* _Requirement_: Reply only with how many lines in these entries hold the string "drawing".

START Input

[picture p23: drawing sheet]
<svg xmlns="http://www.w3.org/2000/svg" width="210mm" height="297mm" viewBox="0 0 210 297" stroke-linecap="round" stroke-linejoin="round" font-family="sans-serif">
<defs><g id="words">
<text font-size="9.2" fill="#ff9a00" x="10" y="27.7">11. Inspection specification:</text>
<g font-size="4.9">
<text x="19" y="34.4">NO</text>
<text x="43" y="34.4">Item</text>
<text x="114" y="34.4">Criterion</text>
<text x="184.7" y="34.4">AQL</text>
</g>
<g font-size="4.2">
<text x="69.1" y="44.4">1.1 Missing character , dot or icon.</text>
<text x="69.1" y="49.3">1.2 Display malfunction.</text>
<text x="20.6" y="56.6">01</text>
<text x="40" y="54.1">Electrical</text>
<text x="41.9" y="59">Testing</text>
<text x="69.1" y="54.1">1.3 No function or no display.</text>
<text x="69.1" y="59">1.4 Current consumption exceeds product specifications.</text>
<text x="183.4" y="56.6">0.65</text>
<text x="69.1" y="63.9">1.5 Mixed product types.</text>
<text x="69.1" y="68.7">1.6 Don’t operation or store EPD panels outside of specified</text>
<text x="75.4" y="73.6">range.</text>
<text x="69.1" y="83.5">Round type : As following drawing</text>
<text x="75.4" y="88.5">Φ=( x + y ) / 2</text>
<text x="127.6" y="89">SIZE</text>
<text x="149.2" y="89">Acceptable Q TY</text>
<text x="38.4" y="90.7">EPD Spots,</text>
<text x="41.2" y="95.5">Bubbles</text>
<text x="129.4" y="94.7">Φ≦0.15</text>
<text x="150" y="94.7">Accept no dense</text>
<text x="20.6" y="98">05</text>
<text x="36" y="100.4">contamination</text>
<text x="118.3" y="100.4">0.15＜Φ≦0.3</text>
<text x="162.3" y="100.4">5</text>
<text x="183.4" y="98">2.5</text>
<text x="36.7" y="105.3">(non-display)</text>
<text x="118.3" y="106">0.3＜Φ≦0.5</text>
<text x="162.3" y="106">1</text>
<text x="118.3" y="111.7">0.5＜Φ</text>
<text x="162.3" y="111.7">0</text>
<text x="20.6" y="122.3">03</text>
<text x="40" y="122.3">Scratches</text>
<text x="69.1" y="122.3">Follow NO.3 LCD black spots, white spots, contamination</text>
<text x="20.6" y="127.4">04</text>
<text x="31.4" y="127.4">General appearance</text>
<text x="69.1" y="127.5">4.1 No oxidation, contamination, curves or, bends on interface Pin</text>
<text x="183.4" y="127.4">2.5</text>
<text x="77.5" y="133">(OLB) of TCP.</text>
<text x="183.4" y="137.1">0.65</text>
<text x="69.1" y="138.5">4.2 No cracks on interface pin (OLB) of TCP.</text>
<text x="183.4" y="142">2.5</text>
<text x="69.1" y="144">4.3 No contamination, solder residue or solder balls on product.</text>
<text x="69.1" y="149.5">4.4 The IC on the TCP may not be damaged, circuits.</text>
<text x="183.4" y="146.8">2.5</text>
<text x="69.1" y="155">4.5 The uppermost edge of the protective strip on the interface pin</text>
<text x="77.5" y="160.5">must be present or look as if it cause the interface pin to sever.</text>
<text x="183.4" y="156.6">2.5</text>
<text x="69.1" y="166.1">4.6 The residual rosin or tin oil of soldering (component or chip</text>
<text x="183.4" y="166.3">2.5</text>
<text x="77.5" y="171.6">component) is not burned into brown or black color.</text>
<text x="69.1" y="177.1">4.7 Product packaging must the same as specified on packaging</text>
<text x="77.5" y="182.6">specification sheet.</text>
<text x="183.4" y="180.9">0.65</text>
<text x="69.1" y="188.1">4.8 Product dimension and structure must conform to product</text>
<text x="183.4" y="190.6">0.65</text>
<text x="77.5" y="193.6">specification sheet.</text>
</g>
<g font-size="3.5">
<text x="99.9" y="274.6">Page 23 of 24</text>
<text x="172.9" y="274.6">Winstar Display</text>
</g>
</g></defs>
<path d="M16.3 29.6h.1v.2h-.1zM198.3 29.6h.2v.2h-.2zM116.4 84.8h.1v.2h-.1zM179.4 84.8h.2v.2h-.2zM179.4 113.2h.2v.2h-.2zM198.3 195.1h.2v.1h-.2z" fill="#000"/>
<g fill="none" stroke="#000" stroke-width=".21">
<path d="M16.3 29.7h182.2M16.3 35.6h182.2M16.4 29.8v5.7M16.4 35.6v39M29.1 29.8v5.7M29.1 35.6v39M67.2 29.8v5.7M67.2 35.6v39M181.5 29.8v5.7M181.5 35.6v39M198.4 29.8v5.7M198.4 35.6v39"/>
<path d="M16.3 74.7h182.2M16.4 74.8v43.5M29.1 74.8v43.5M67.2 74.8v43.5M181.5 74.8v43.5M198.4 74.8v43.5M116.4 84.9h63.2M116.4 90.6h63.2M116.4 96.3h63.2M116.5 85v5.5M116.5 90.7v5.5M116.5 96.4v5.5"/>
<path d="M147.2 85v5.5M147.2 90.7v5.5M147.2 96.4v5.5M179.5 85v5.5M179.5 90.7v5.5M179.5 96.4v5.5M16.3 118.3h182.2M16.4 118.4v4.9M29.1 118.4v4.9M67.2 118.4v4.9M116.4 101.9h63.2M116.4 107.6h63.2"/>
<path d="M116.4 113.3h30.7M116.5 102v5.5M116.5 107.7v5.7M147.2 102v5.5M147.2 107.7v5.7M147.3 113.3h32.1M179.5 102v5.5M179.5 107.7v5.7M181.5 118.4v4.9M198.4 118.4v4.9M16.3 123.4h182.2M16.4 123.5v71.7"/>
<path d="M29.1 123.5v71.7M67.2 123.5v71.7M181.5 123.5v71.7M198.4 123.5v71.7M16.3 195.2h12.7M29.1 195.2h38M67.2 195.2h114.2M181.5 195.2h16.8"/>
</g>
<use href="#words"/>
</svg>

END Input

* _Task solution_: 2